By NHI Mgmt Group Editorial TeamPublished 2025-08-19Domain: Agentic AI & NHIsSource: Pomerium

TL;DR: Multi-model routing is simplified by LiteLLM, while identity-aware access control, audit logging, and context-based policy enforcement are added around LLM gateways and MCP-connected services, according to Pomerium. The real issue is not model abstraction but whether AI access is governed with the same identity controls as other production services.


At a glance

What this is: This comparison separates LLM routing from identity-aware access control and shows why those are different layers of the AI stack.

Why it matters: It matters because IAM, PAM, and NHI teams need to control who can reach AI gateways, what context they arrive with, and how those sessions are logged and reviewed.

By the numbers:

  • When AWS credentials are exposed publicly, attackers attempt access within an average of 17 minutes.
  • When AWS credentials are exposed publicly, attackers attempt access within an average of 17 minutes and as quickly as 9 minutes in some cases.

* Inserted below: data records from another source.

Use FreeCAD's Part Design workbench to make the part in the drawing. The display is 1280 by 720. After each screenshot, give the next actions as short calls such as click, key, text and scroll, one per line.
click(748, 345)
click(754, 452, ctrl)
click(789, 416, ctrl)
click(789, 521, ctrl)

👉 Read Pomerium's comparison of LiteLLM and identity-aware access control


Context

AI gateway stacks are now part of the identity control plane, not just an application integration layer. When LLM access is brokered through shared endpoints, the real governance question becomes whether authentication, authorisation, and audit are enforced at the point of use rather than assumed elsewhere.

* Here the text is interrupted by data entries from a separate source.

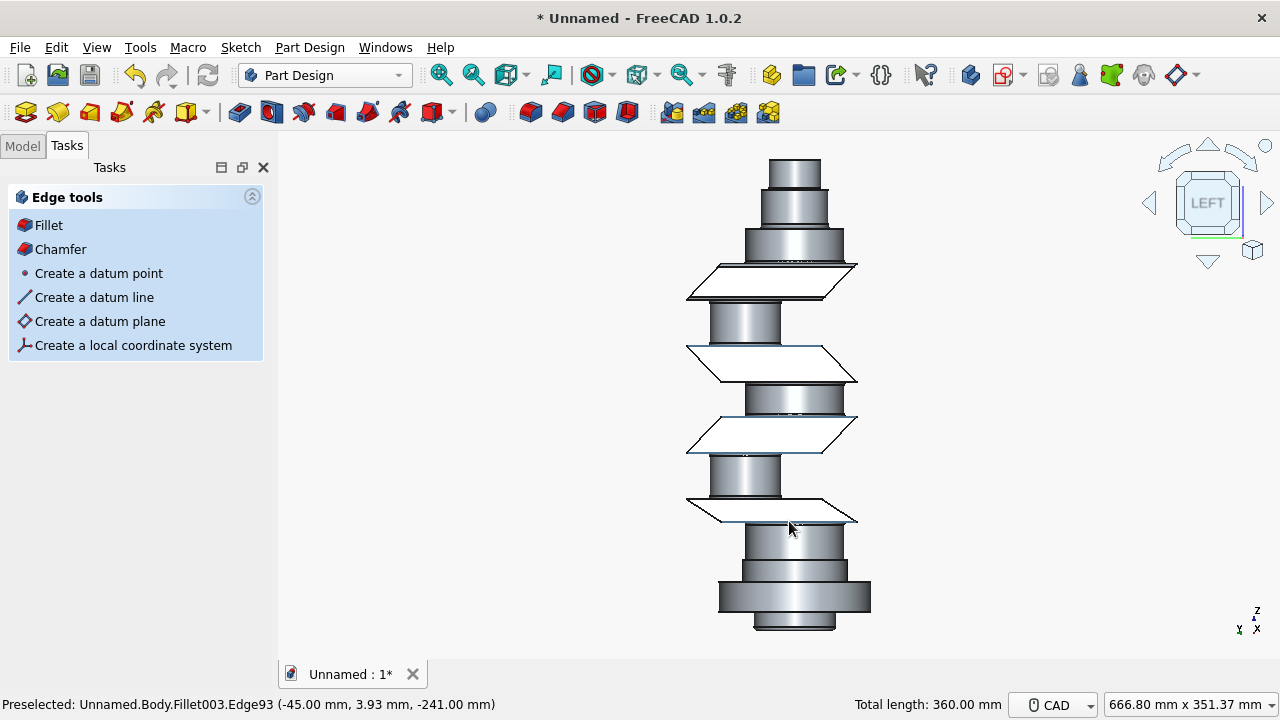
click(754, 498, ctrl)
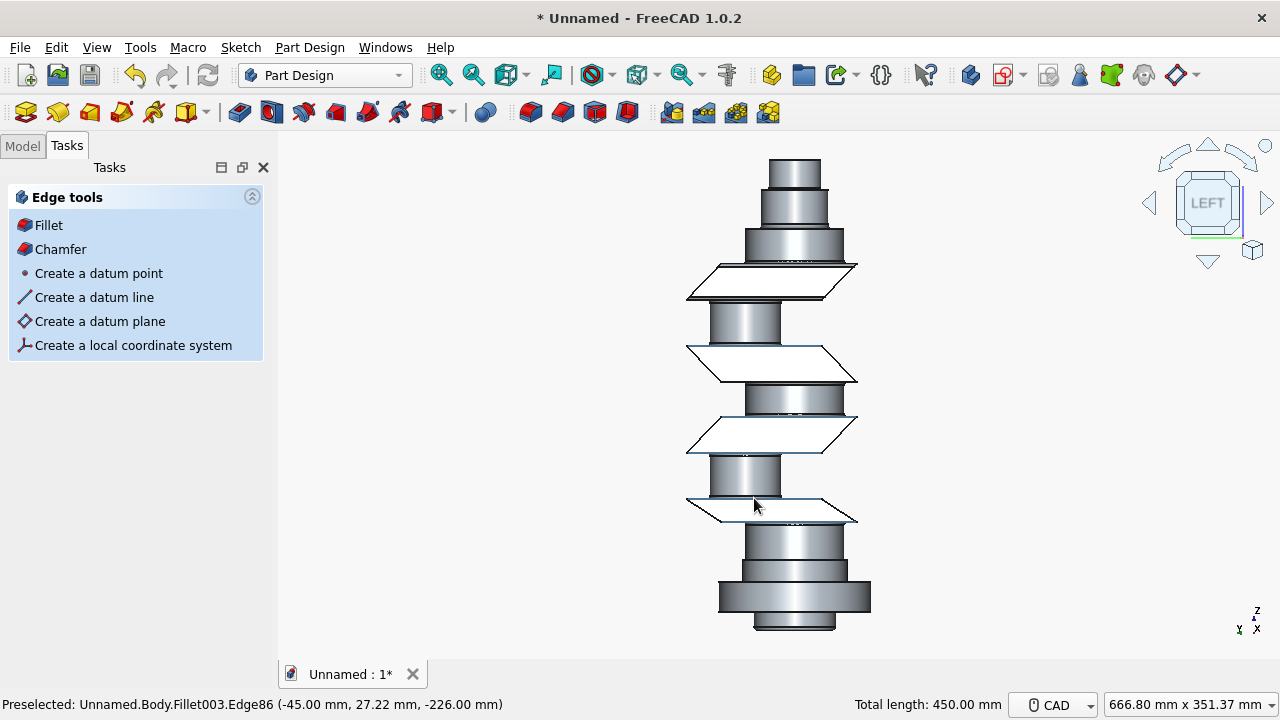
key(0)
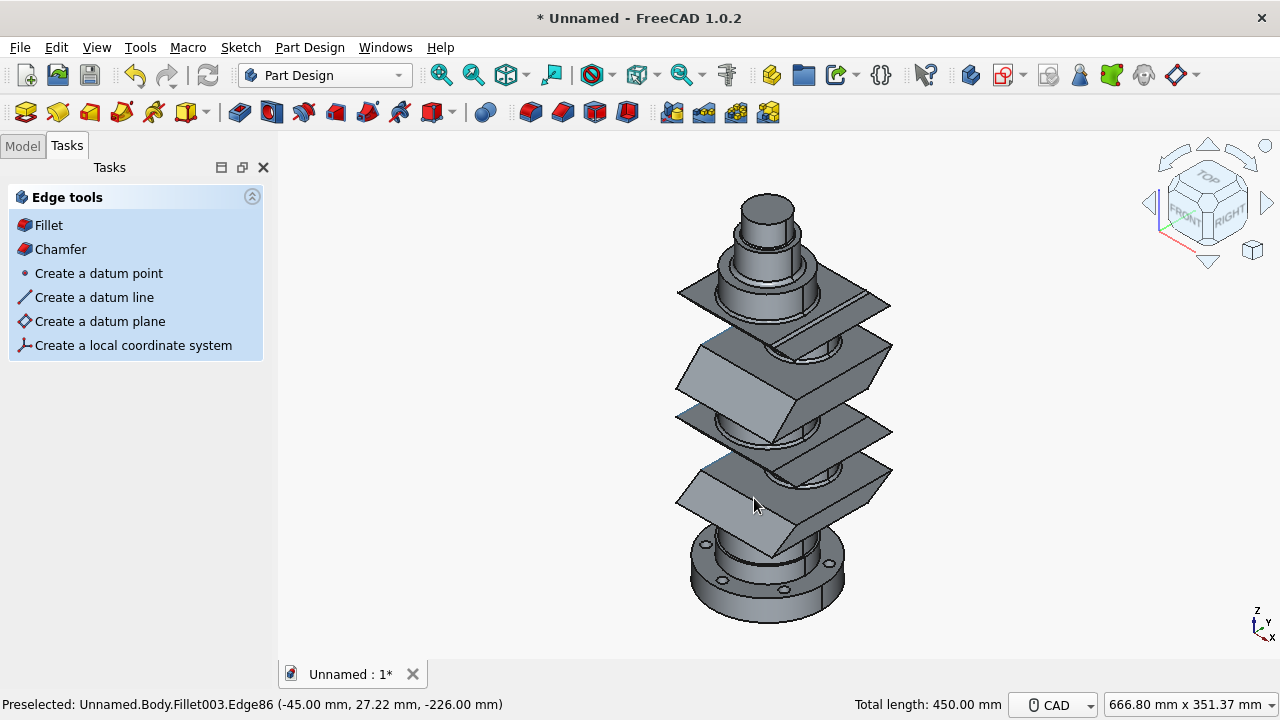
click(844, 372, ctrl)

LiteLLM and Pomerium sit at different layers of that problem. One normalises model access across providers, while the other applies identity-aware policy to the people and systems reaching those services, including MCP-connected workflows and other HTTP-based AI endpoints.


Key questions

Q: How should security teams govern AI gateway access in enterprise environments?

A: Security teams should govern AI gateway access with contextual authorisation, short-lived credentials, and full session logging. The gateway may simplify model integration, but identity policy must decide who can use it, from where, and under which conditions before the request reaches downstream models or tools.

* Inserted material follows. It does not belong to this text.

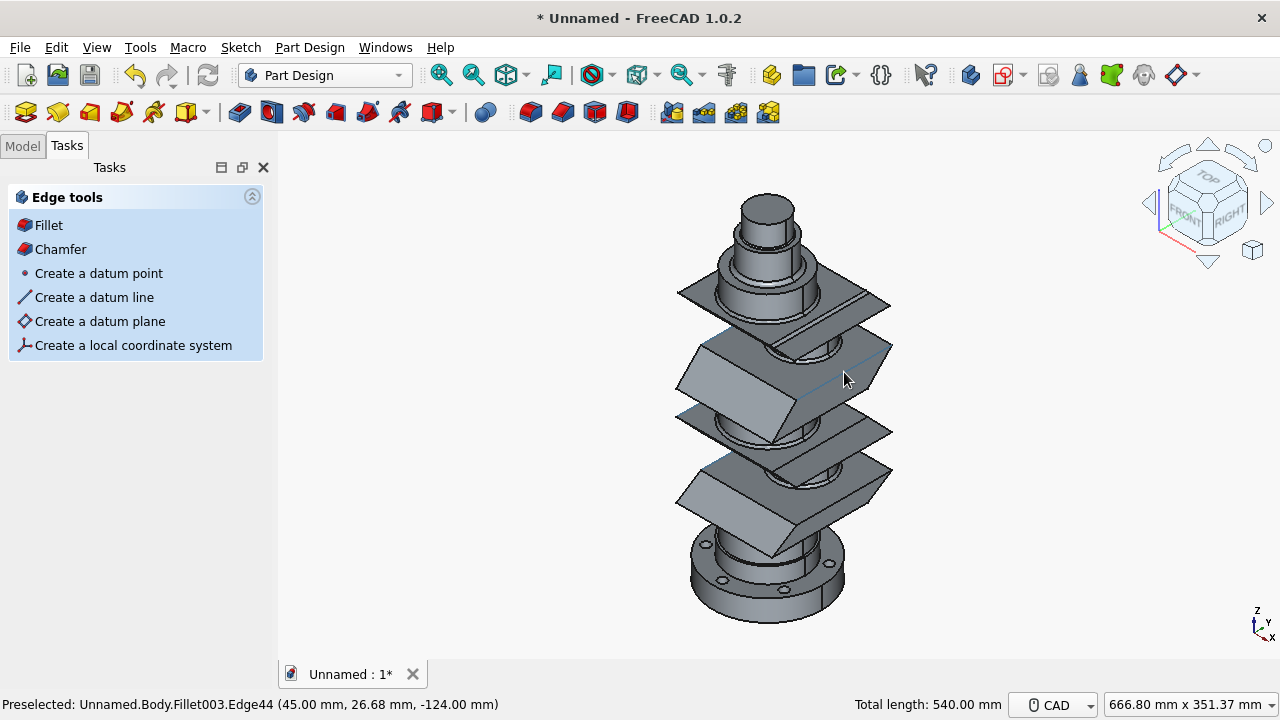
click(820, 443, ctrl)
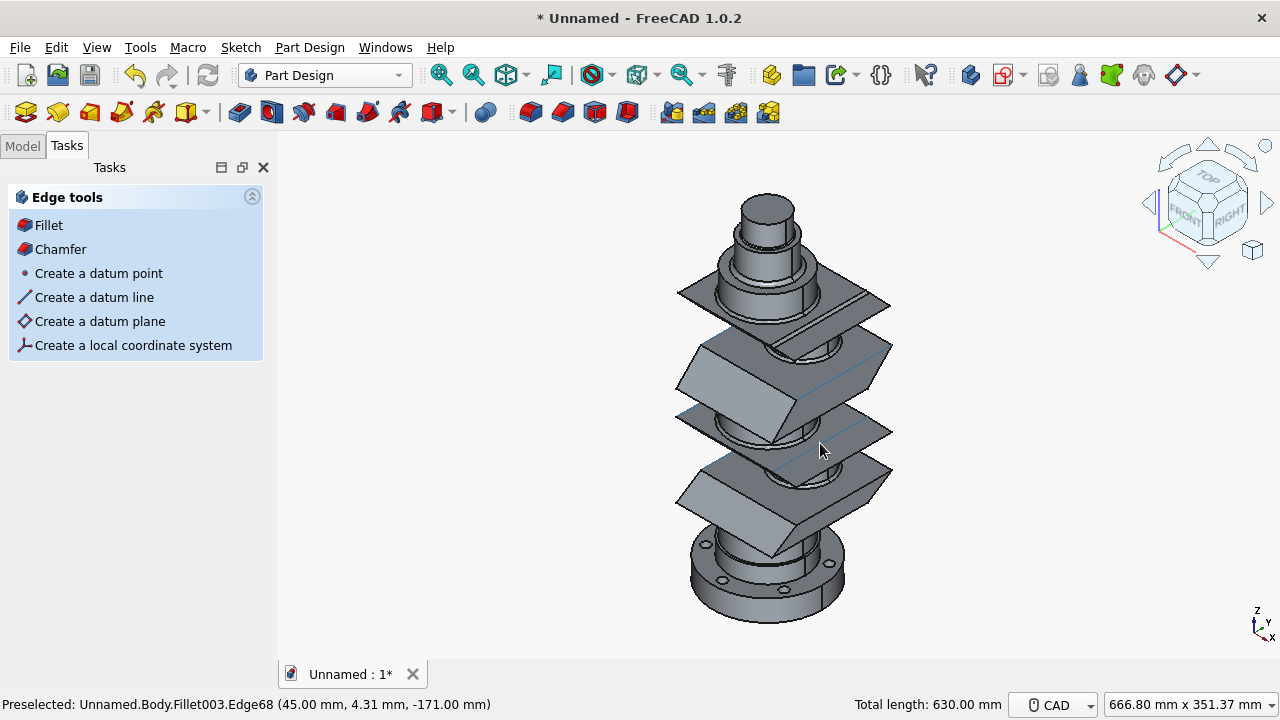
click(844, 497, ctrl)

Q: Why do LLM gateways create more governance risk than a normal API proxy?

A: LLM gateways can route traffic to multiple models, data sources, and tool chains through a single session path. That makes them part of the identity control plane, so a generic proxy model is too weak unless it also evaluates identity context and logs privileged actions.

Q: What do security teams get wrong about securing MCP-connected AI workflows?

A: Teams often focus on the model while ignoring the delegated access path to internal services. MCP-connected workflows can reach sensitive systems through AI-mediated sessions, so they need the same access review, credential scope, and audit discipline as other privileged integrations.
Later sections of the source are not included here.